UBC cell lines (5637, SW780, T24, UMUC-3, and SCaBER) and nonmalignant urothelial cell line (SV-HUC-1) were cultured in RPMI 1640 medium (Life Technologies) supplemented with penicillin/streptomycin (Invitrogen, United States) and 10% FBS at 37°C with 5% CO₂. Reagents and chemicals used in this study were listed in Supplementary Table S1.

Formalin-fixed, paraffin-embedded UBC tissues and relevant clinicopathological variables were acquired from Shanghai General Hospital. The informed consent of all patients was obtained, and the research protocol was formally approved by the ethics committee of Shanghai General Hospital.

Gene expression and clinicopathologic information of The Cancer Genome Atlas Urothelial Bladder Carcinoma (TCGA-BLCA) were downloaded from Genomic Data Commons Data Portal. Other public microarray data were retrieved from the Gene Expression Omnibus (GEO) database.

The PDE4B and CBX7 overexpressing cell lines were obtained by infecting with virus expressing Flag-tagged PDE4B (pCDH-3xFlag-PDE4B) and CBX7 (pCDH-3xFlag-CBX7), respectively. For knockdown assays, two siRNA targeting PDE4B were transfected into cells using Lipofectamine 3000 (Thermo Fisher Scientific). Two CBX7 shRNA were transfected into cells using the lentiviral pLKO.1 backbone. The siRNA and shRNA sequences used were listed in Supplementary Table S2.

Total protein was isolated by lysis buffer with protease and phosphatase inhibitor cocktail (Roche, Basel, Switzerland). Western blotting was performed following the standard methods. Antibodies used in this study were listed in Supplementary Table S3.

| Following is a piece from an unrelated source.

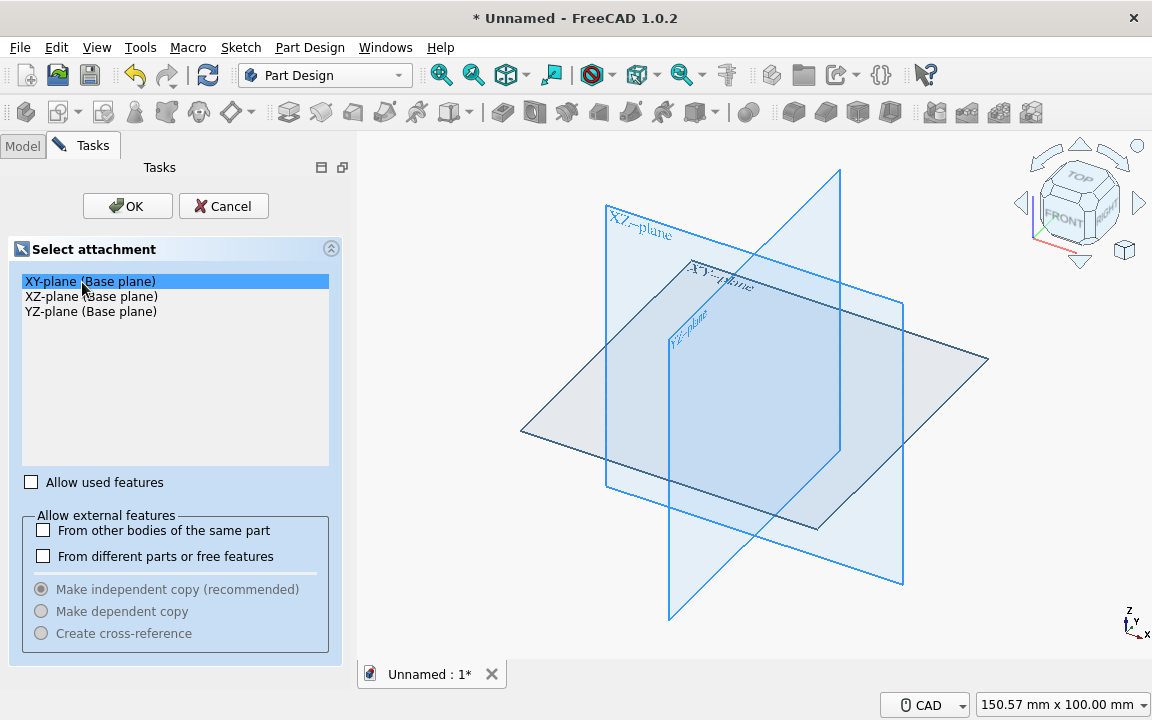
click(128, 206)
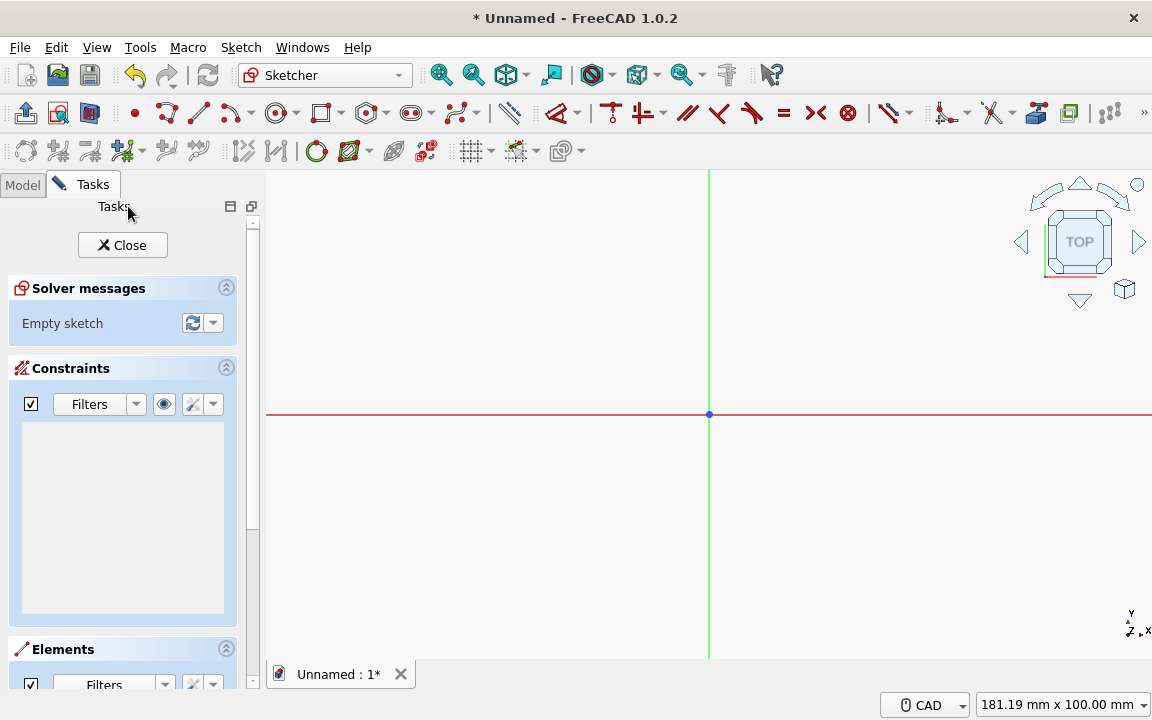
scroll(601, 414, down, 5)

2,000 cells/well were seeded into a 96-well plate. If cells adhered to the bottom, 10 μL MTT [3-(4,5-dimethylthiazol-2-yl)-2,5-diphenyltetrazoliumbromide] was added to each well for 4 h at 37°C and it was identified as 0 h. The formazan crystals were dissolved in dimethyl sulfoxide (DMSO) at 37°C for 15 min and the absorbance at 490 nm was examined. After 24, 48, and 72 h, the similar procedure was carried out.

Confluent cultures in 6-well plates were scratched with a 200 μL pipette tip, washed with PBS and then cultured in medium containing 1% FBS. Images were captured after 0, 24, and 48 h respectively to estimate wound closure (%).

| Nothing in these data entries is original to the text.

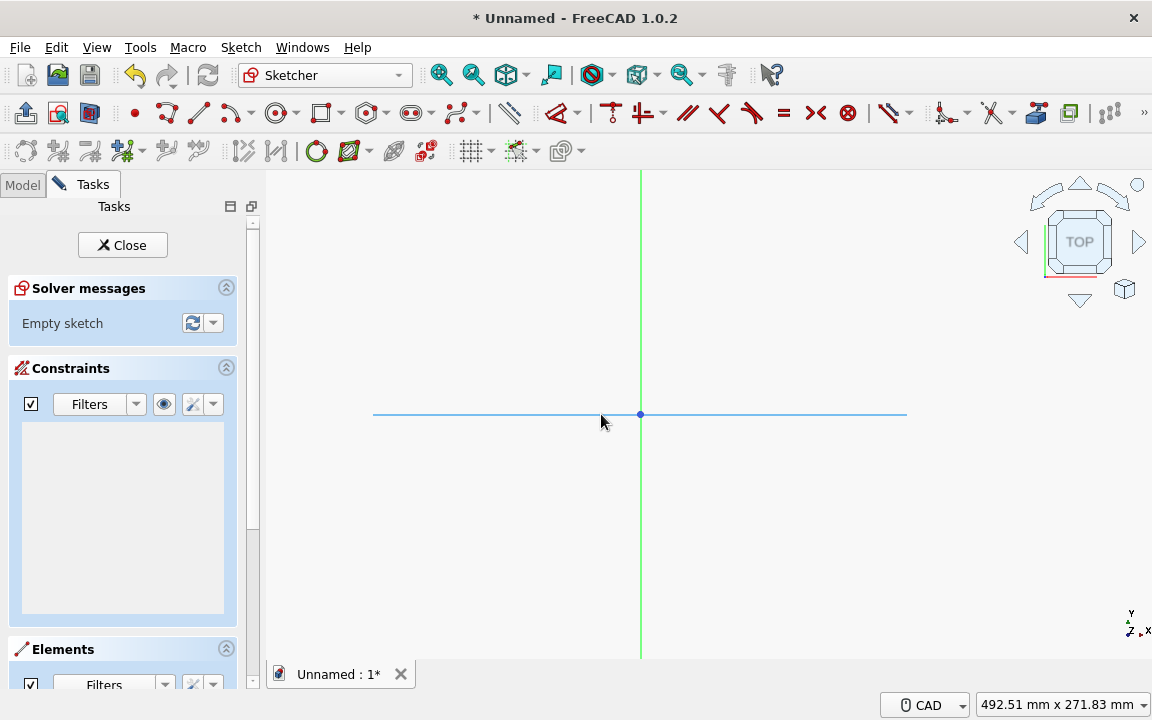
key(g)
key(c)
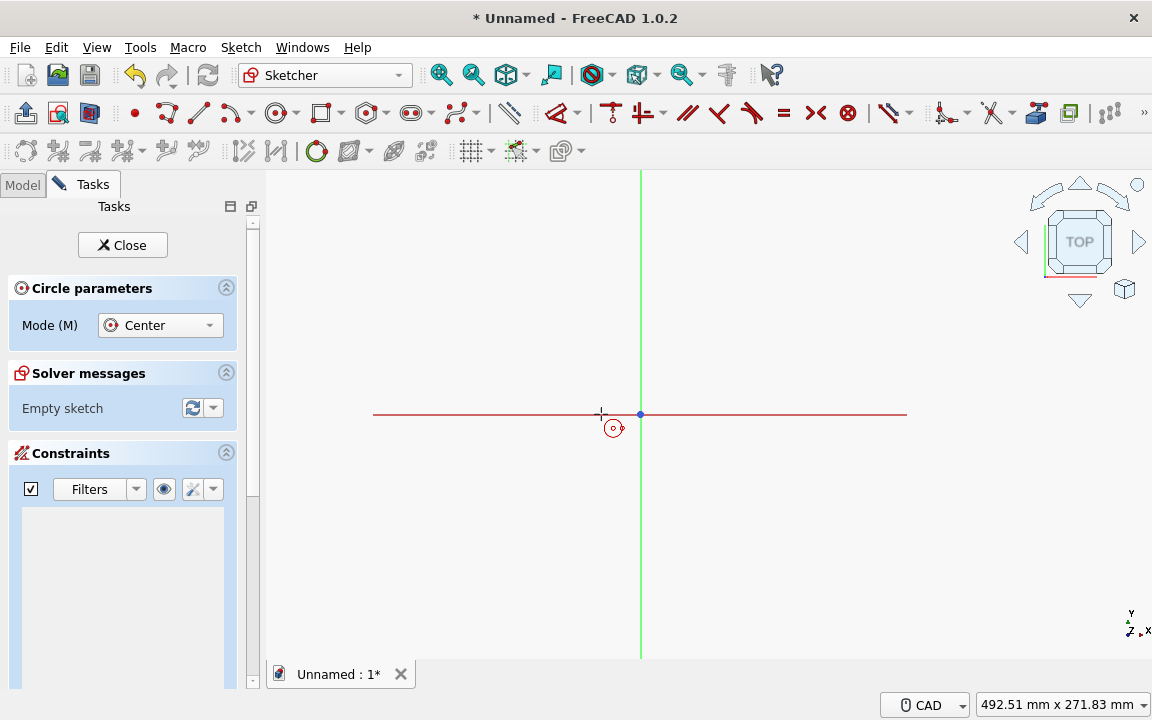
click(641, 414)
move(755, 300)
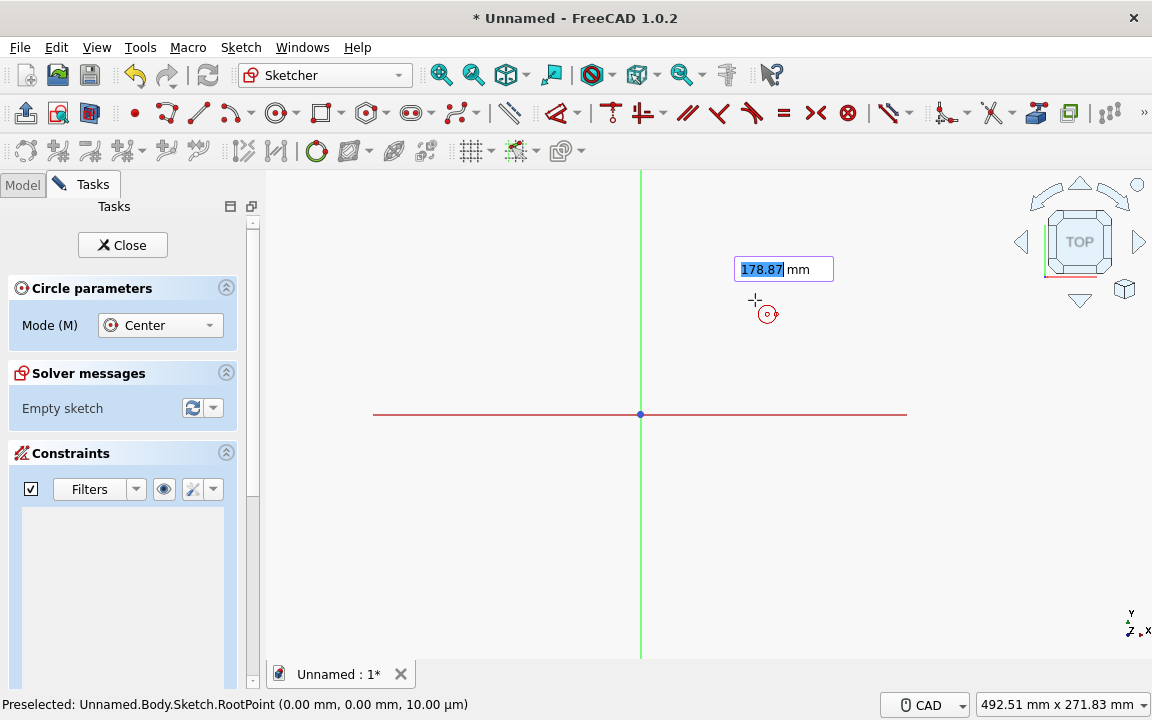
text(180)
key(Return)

Cell invasion was measured using 8 μm pore-size transwell inserts (Millipore, United States). 1 × 10⁵ cells were seeded into the top chamber pre-coated with 1:8 diluted Matrigel, then 500 μL medium containing 10% FBS was added to the bottom chamber. After the incubation for 24 h, cells were fixed in formaldehyde, stained with crystal violet and counted.

GSEA software was applied to explore the correlation of PDE4B expression on the progression of UBC. Gene set collections were downloaded from MSigDB database. Nominal p-value <0.05 and FDR <0.25 were considered to a statistically significant gene set.

5 μm thick paraffin-embedded bladder tumor sections were prepared and stained according to the previously described procedure (Yan et al., 2020). Antibodies used were listed in Supplementary Table S3.

The ChIP assay was performed as previously described (Chang et al., 2018). Briefly, cells were fixed in 1% paraformaldehyde for 10 min at room temperature, following quenched using 0.125 mol/L glycine for 5 min. The formaldehyde-fixed cells pellets were lysed with cell lysis buffer and sonicated using Diagenode Bioruptor Pico Sonicator for 30 cycles (30 s/90 s on/off) to obtain a DNA range of 200–1,000 bp. Samples were incubated with protein A/G (Millipore, #17-371) and antibody (anti-CBX7, Abcam, ab21873; anti-ubH2AK119, Cell Signaling Technology, #8240S) overnight at 4°C. Samples were washed 4 times with low salt, high salt, LiCl, and TE wash buffers, respectively. Elution of protein/DNA complexes were reversed cross-link to obtain free DNA at 62°C for 2 h with shaking and incubated at 95°C for 10 min. DNA was purified using spin columns (Millipore, #17-10085). Individual ChIP samples were analyzed by qRT-PCR using PED4B promoter primers. The primers used were listed in Supplementary Table S2.

All statistical analyses were performed using GraphPad Prism 8.0. Data were presented as means ± standard deviation (SD). Student’s t test was performed to compare statistical significance between groups. Pearson correlation was used to analyze the association between genes expression. A chi-square test was employed to assess the association between PDE4B expression and clinicopathological variables. Kaplan-Meier (Log rank test) method was performed to estimate the overall survival. A value of p < 0.05 was considered statistically significant.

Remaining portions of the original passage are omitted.